Healthcare informatics integrates healthcare sciences, information science, computer science, and cognitive science to improve patient care’s safety and quality. Healthcare informatics blends practical concepts with technology (Hoyt & Yoshihashi, 2019). It provides a robust healthcare data infrastructure allowing easy access to patient records. Healthcare is one of the biggest digital industries embracing information technologies. Healthcare informatics has been around for the past three decades. It has experienced rapid growth while incorporating evolving technology within the medical field. There have been improvements in healthcare outcomes, patient education, and care delivery in health systems.
Christiana Care Hospital is the healthcare organization of choice. The hospital adopts healthcare informatics systems to acquire, store, and retrieve information in healthcare and biomedicine. The organization has shifted its focus to quality improvement, evidence-based medicine, and data accessibility and security for its patients (Cowie et al., 2017). The study aims to assess informatics currently used in Christiana Care Hospital. It will further provide recommendations on how the organization improves its informatics systems to increase the efficiency and effectiveness of healthcare. The study begins with an executive summary, followed by an introduction, then conducts an analysis of informatics systems and ends with a conclusion.

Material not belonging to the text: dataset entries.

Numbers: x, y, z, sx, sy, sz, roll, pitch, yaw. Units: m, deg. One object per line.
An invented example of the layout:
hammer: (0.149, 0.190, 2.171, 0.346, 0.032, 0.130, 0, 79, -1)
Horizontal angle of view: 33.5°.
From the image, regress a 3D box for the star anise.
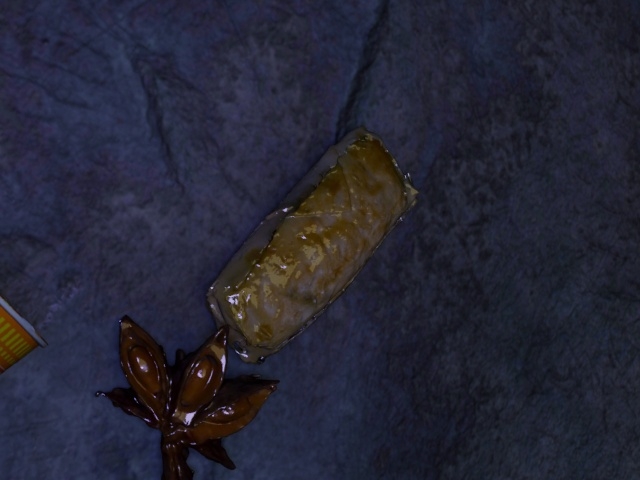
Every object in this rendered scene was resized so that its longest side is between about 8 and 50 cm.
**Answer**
star anise: (-0.117, 0.154, 1.016, 0.157, 0.053, 0.212, -31, 102, -9)

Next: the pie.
pie: (0.000, 0.000, 1.093, 0.282, 0.068, 0.128, -48, 115, -26)

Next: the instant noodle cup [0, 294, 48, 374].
instant noodle cup: (-0.337, 0.087, 0.823, 0.185, 0.168, 0.168, -45, 116, -16)
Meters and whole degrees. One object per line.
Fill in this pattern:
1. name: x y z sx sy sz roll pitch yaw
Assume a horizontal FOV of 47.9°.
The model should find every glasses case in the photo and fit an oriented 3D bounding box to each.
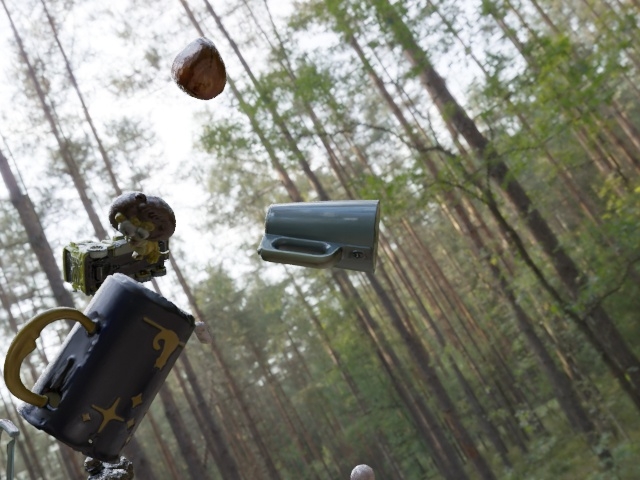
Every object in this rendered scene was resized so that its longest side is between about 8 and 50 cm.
1. glasses case: -0.281 0.222 1.725 0.032 0.021 0.083 -6 -40 7

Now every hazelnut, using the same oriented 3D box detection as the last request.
1. hazelnut: -0.289 -0.419 1.768 0.150 0.150 0.150 -26 -19 -10

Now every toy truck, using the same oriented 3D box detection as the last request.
1. toy truck: -0.505 0.040 1.773 0.272 0.157 0.124 -20 -63 -52

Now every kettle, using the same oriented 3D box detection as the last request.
1. kettle: 0.000 0.000 1.543 0.243 0.210 0.159 3 -57 7

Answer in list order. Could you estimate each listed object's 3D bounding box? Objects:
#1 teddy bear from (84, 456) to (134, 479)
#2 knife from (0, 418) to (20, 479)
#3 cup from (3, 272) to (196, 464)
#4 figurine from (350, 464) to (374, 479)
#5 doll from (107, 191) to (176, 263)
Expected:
1. teddy bear: -0.510 0.598 1.755 0.129 0.181 0.251 -35 11 -14
2. knife: -0.463 0.259 0.921 0.278 0.123 0.053 10 4 33
3. cup: -0.329 0.184 1.100 0.256 0.179 0.255 -61 -8 -11
4. figurine: 0.053 0.440 1.102 0.145 0.181 0.257 -9 -6 13
5. doll: -0.366 -0.024 1.517 0.145 0.096 0.188 -2 -51 22
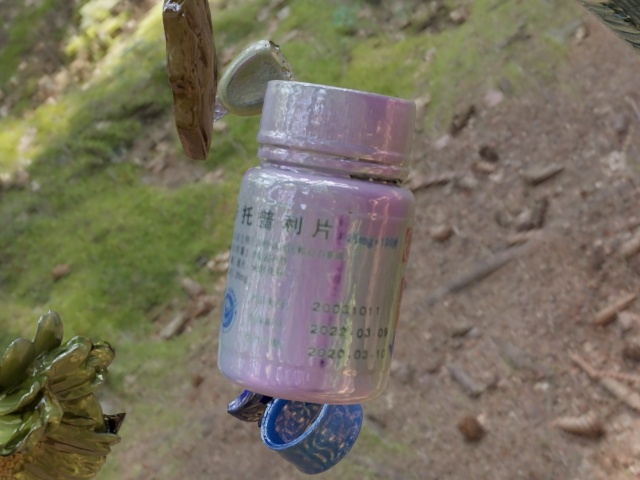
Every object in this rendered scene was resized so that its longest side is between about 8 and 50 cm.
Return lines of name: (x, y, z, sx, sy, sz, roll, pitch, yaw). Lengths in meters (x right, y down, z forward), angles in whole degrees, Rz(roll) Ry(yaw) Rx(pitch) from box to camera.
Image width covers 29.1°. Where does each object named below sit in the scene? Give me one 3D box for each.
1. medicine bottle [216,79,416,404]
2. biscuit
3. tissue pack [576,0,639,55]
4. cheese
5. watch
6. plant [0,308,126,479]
medicine bottle: (0.000, 0.000, 1.035, 0.152, 0.152, 0.255, 12, 97, 49)
biscuit: (-0.125, -0.198, 1.209, 0.034, 0.215, 0.182, -3, 43, 2)
tissue pack: (0.247, -0.248, 0.699, 0.264, 0.416, 0.253, 10, 72, 60)
cheese: (-0.124, -0.206, 1.775, 0.192, 0.097, 0.037, -31, 7, 22)
watch: (-0.032, 0.317, 2.212, 0.196, 0.171, 0.200, -49, 31, 17)
plant: (-0.331, 0.191, 1.198, 0.297, 0.261, 0.306, 33, 87, 45)
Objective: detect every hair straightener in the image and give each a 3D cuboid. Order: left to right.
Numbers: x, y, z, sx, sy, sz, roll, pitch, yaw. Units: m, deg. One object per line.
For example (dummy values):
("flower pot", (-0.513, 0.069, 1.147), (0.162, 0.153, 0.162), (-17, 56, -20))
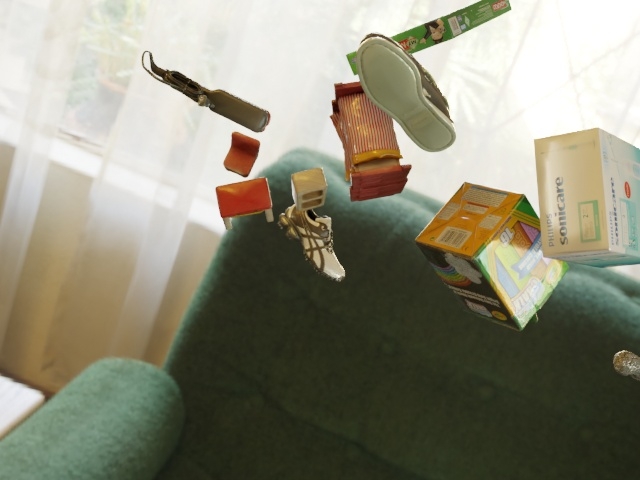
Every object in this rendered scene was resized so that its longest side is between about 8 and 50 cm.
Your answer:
("hair straightener", (-0.186, -0.241, 1.497), (0.230, 0.047, 0.089), (31, 8, -4))

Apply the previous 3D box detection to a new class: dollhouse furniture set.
("dollhouse furniture set", (-0.027, -0.170, 1.806), (0.374, 0.201, 0.152), (-11, -16, -5))

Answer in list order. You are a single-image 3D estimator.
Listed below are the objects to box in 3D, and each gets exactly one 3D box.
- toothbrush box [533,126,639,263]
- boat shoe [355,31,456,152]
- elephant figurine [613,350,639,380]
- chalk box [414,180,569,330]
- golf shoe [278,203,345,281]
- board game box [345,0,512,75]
("toothbrush box", (0.508, -0.069, 1.700), (0.126, 0.216, 0.296), (-8, -11, 37))
("boat shoe", (0.118, -0.217, 1.325), (0.228, 0.081, 0.068), (46, 31, -40))
("elephant figurine", (0.635, 0.218, 1.601), (0.169, 0.186, 0.239), (6, -37, 42))
("chalk box", (0.362, 0.050, 1.890), (0.180, 0.179, 0.289), (19, -26, 53))
("golf shoe", (0.000, 0.000, 2.026), (0.198, 0.094, 0.077), (50, 15, -4))
("board game box", (0.214, -0.399, 1.784), (0.214, 0.046, 0.317), (-16, 12, 36))
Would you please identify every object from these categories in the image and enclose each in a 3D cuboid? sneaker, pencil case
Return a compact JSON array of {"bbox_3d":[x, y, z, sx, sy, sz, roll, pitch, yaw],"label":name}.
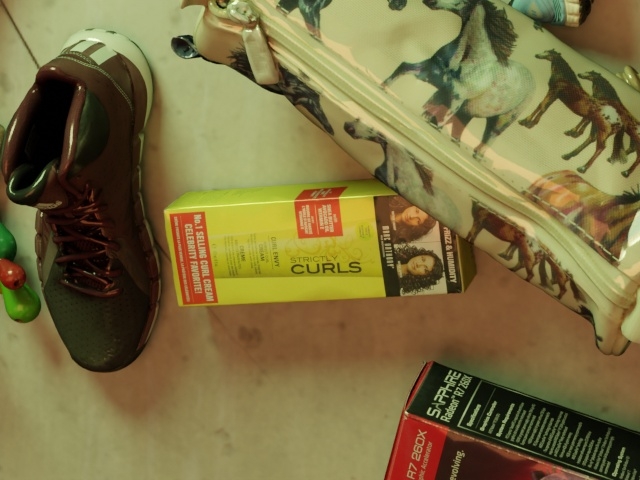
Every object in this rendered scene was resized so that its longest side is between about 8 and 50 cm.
[{"bbox_3d":[0.152,-0.231,1.329,0.073,0.063,0.162,-1,104,20],"label":"sneaker"},{"bbox_3d":[-0.199,-0.016,1.435,0.106,0.162,0.281,3,105,16],"label":"sneaker"},{"bbox_3d":[0.096,-0.089,1.302,0.410,0.183,0.160,36,133,10],"label":"pencil case"}]

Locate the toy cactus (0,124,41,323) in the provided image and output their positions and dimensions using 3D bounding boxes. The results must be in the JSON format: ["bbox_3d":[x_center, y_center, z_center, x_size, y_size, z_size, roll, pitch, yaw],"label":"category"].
[{"bbox_3d":[-0.317,-0.020,1.512,0.219,0.112,0.180,29,101,16],"label":"toy cactus"}]

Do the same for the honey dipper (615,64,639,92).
[{"bbox_3d":[0.266,-0.141,1.340,0.160,0.030,0.030,-36,92,17],"label":"honey dipper"}]

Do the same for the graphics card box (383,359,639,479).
[{"bbox_3d":[0.218,0.260,1.409,0.371,0.094,0.233,18,118,10],"label":"graphics card box"}]

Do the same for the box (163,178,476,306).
[{"bbox_3d":[0.000,0.000,1.437,0.232,0.058,0.087,-2,105,17],"label":"box"}]
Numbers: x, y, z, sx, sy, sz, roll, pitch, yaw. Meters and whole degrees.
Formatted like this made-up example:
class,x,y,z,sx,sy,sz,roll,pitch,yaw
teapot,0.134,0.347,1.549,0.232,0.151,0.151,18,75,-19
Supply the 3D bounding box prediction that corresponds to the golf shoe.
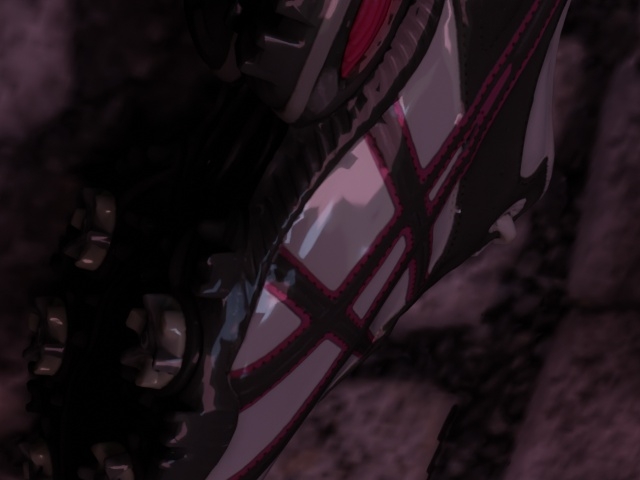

Healthcare informatics organizes theories, knowledge, and information from a computerized system. It focuses mainly on providing support to the well-being of the human population. Through this process, public health becomes highly protected from infectious diseases (Pramanik et al., 2020). The information works with advanced technologies in solving problems related to health system management. It means incorporating data through science and organizing the necessary knowledge appropriate for patient care. Public health interventions are effective just like the data supporting the information (Coiera, 2018). The quality and safety of patient care are offered through various forms of public health informatics intersecting between data, humans, and technology. The informatics systems in public health include electronic health records (EHRs), remote patient monitoring (RPM), or telehealth and laboratory information system (LIS).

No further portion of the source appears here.